◆ Brief ◆
Please make an exact copy of the listing, without the pictures.

*** Exercise data Section Begins ***

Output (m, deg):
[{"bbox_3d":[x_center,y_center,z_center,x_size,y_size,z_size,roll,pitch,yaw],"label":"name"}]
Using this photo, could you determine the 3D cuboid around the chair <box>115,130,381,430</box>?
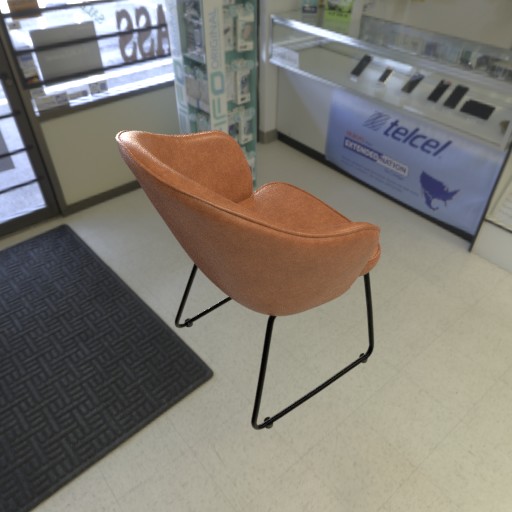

*** Exercise data Section Ends ***

◆ Response ◆
Output (m, deg):
[{"bbox_3d":[x_center,y_center,z_center,x_size,y_size,z_size,roll,pitch,yaw],"label":"name"}]
Using this photo, could you determine the 3D cuboid around the chair <box>115,130,381,430</box>?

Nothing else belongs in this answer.